AIM OF THE TASK | Within the entries below, the lines from the one with "#3 car [1071,634,1157,681]" through the one with "#15 car [1177,636,1237,672]" are to be set down exactly, both ends kept.

RECORDS FOR THIS EXERCISE |
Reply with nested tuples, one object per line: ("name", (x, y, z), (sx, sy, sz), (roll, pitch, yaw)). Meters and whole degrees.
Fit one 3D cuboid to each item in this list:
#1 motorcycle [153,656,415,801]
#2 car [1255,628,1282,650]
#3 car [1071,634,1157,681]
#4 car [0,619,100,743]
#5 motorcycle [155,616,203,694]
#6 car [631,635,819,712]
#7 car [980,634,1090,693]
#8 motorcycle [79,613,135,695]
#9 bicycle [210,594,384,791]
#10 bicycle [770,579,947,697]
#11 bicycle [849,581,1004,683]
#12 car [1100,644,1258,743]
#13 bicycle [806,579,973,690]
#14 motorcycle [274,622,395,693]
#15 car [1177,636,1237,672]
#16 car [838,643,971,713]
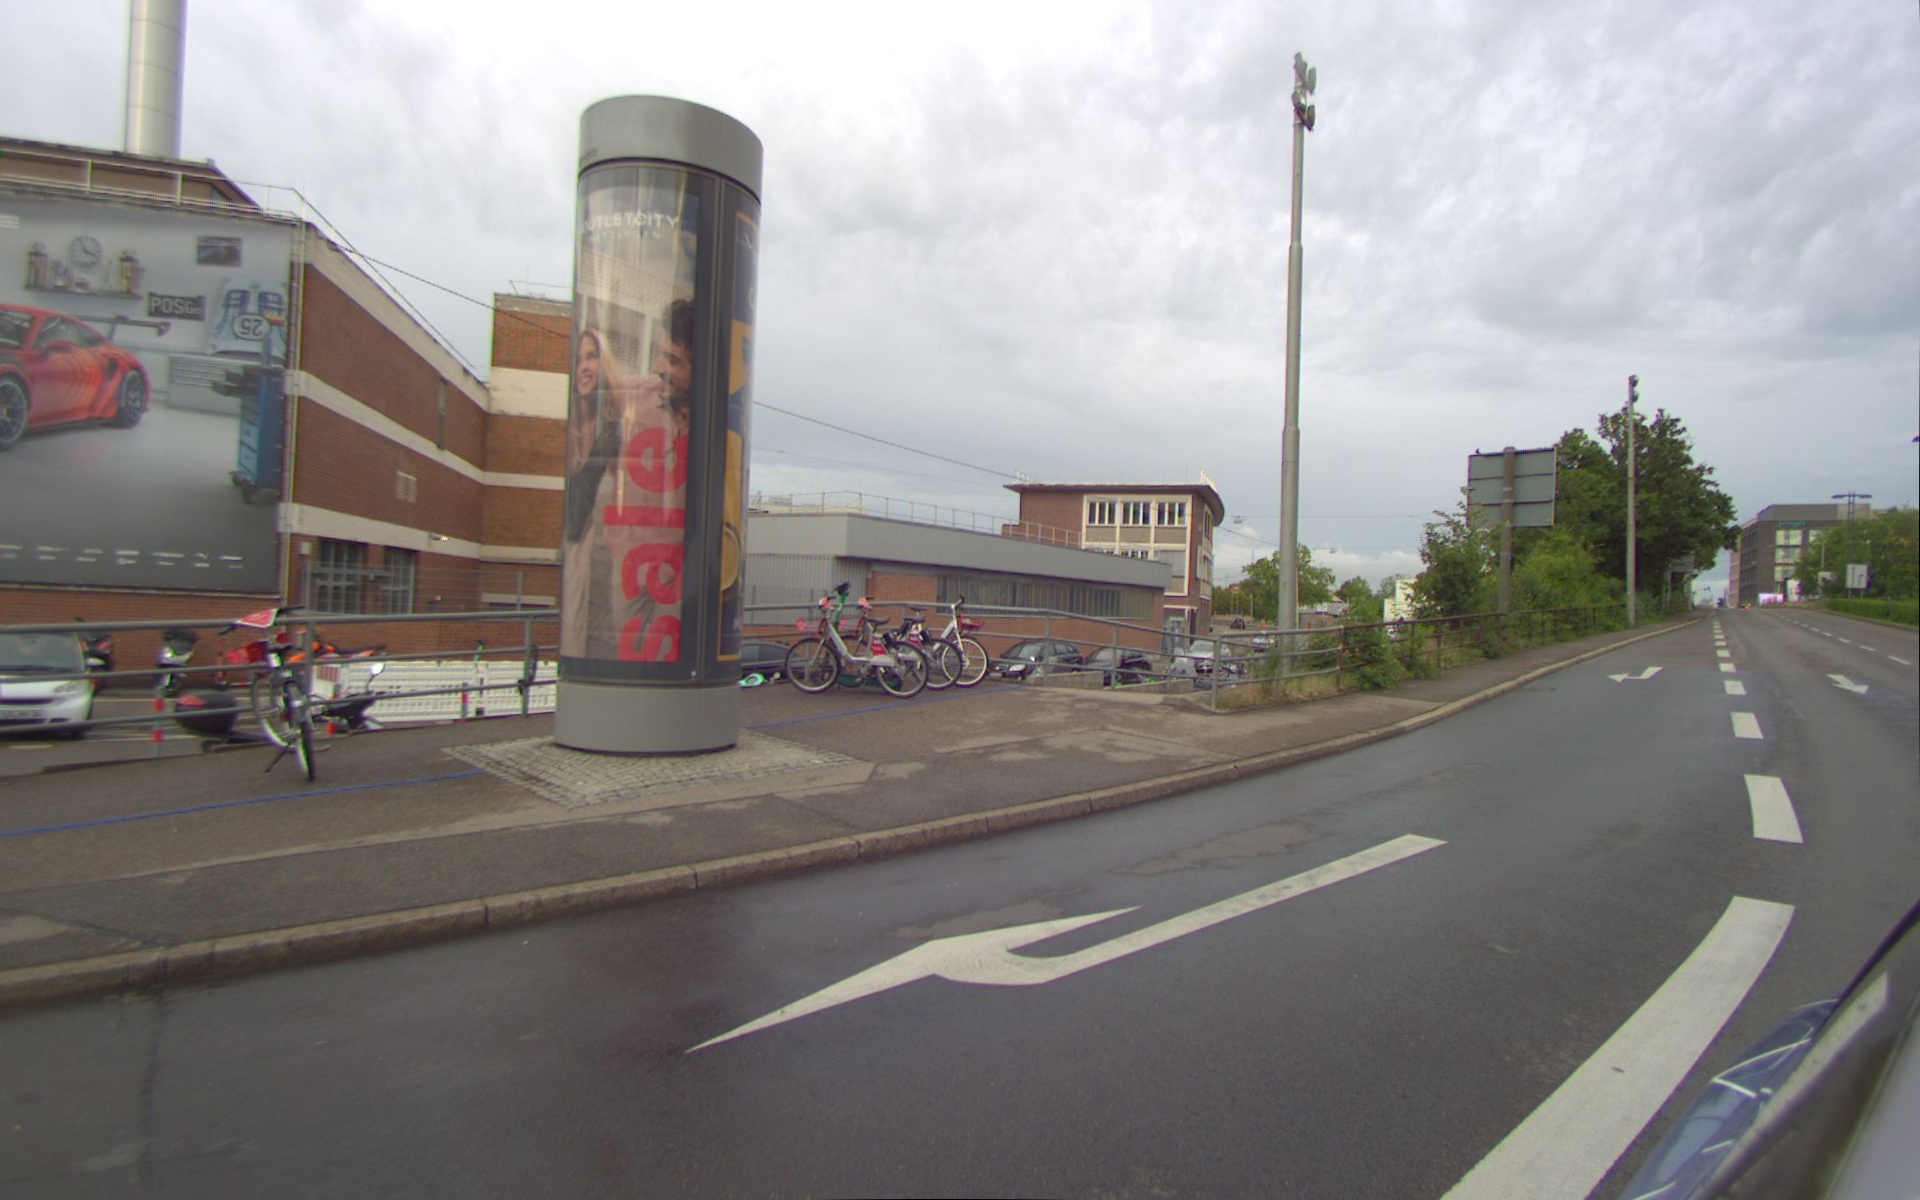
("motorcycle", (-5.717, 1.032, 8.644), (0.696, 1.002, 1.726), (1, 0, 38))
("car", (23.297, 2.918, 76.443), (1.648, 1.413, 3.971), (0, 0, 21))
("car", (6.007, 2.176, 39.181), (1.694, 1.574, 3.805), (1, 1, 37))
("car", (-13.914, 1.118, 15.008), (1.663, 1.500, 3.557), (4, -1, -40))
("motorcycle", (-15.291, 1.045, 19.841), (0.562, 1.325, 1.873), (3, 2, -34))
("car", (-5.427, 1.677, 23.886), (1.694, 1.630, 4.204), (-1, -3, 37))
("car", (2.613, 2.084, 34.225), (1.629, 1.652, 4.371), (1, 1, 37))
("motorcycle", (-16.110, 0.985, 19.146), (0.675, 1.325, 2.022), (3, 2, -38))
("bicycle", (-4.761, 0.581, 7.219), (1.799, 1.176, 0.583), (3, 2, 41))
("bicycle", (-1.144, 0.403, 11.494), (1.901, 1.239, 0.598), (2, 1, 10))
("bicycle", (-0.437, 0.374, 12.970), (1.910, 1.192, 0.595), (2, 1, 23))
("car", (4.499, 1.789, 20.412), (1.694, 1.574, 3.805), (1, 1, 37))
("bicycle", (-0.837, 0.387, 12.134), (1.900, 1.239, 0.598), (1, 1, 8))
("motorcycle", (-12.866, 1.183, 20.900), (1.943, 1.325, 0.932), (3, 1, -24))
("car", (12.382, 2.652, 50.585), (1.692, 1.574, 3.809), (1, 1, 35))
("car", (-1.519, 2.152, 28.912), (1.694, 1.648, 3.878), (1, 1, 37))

==

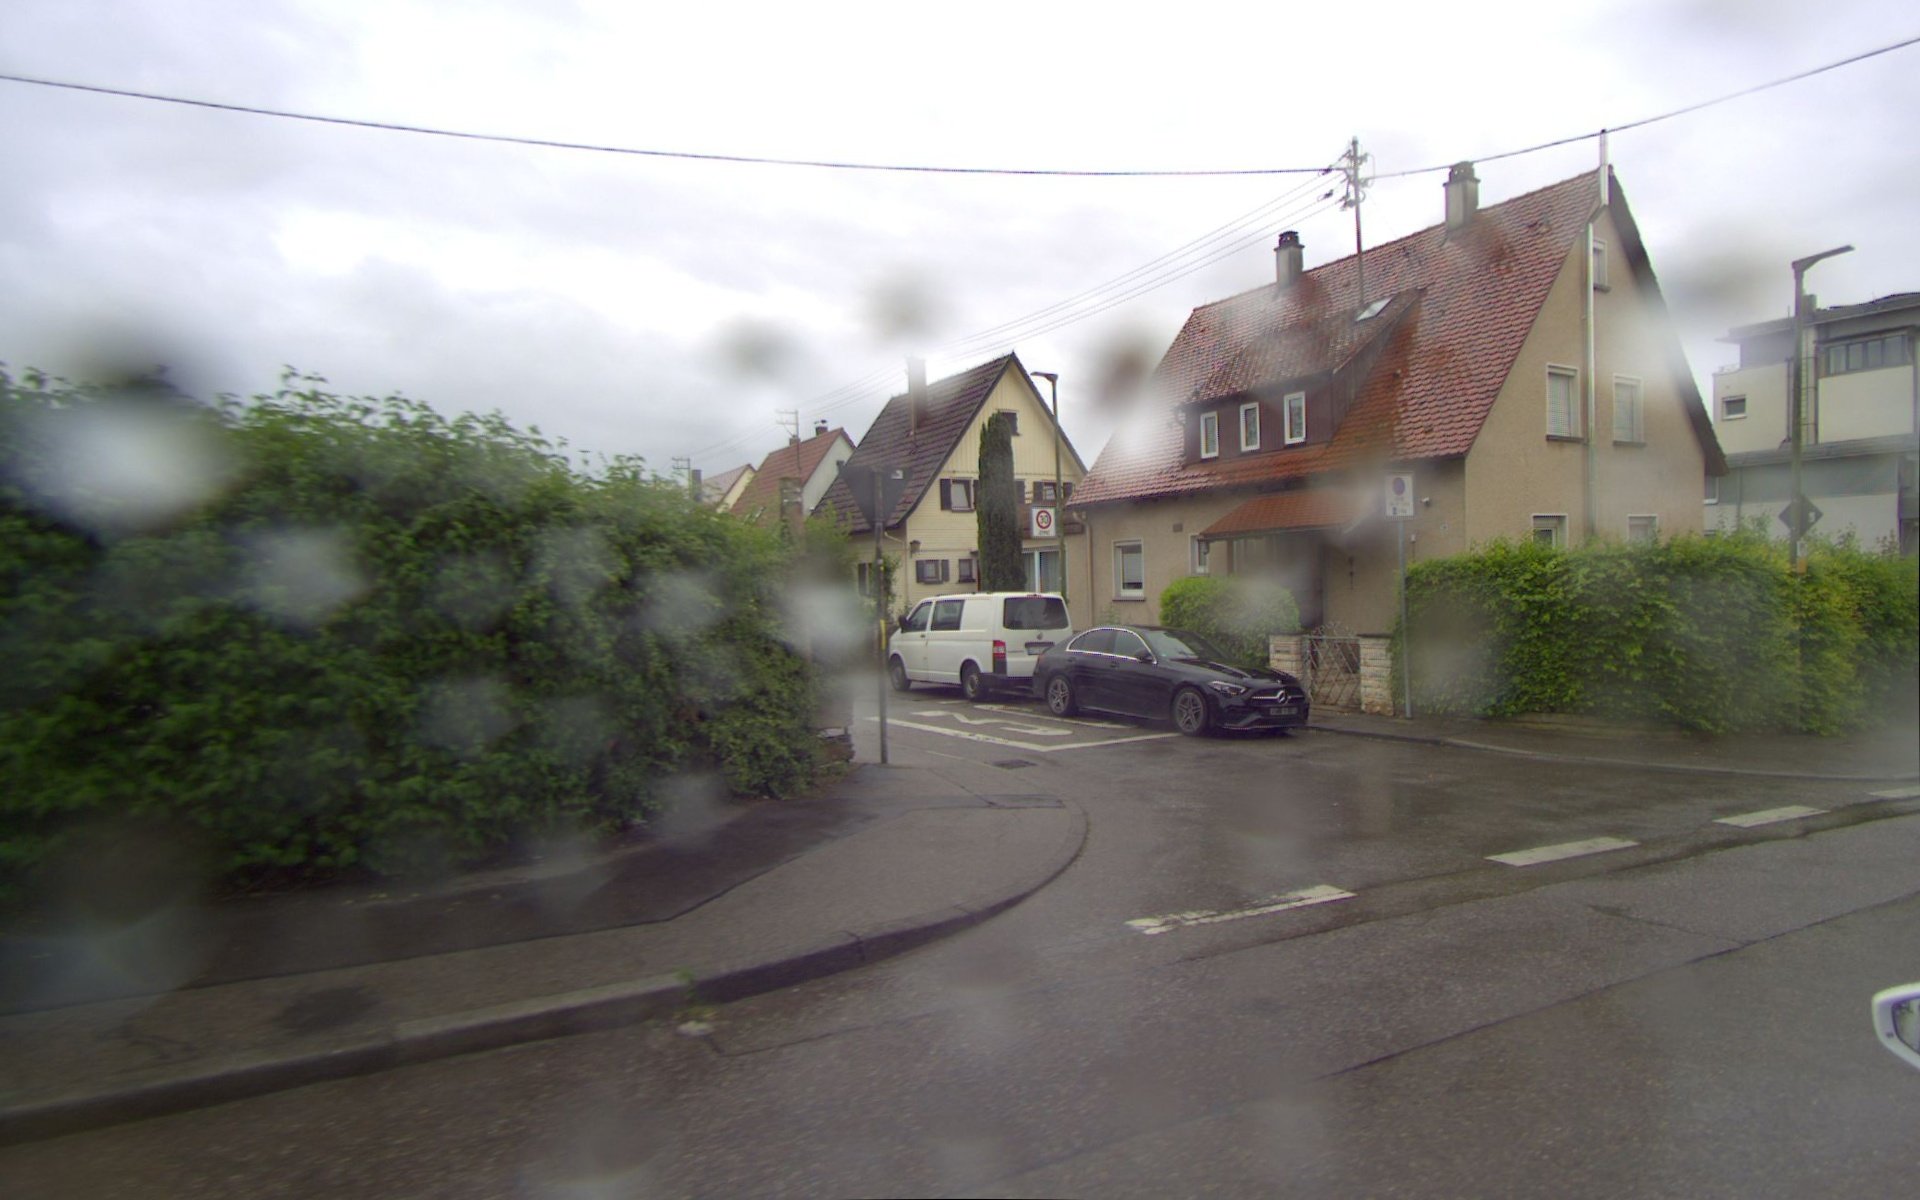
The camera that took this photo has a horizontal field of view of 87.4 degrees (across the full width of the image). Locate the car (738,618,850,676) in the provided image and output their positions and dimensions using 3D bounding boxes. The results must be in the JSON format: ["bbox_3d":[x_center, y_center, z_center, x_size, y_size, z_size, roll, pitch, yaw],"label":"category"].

TASK SOLUTION |
#3 car [1071,634,1157,681]
#4 car [0,619,100,743]
#5 motorcycle [155,616,203,694]
#6 car [631,635,819,712]
#7 car [980,634,1090,693]
#8 motorcycle [79,613,135,695]
#9 bicycle [210,594,384,791]
#10 bicycle [770,579,947,697]
#11 bicycle [849,581,1004,683]
#12 car [1100,644,1258,743]
#13 bicycle [806,579,973,690]
#14 motorcycle [274,622,395,693]
#15 car [1177,636,1237,672]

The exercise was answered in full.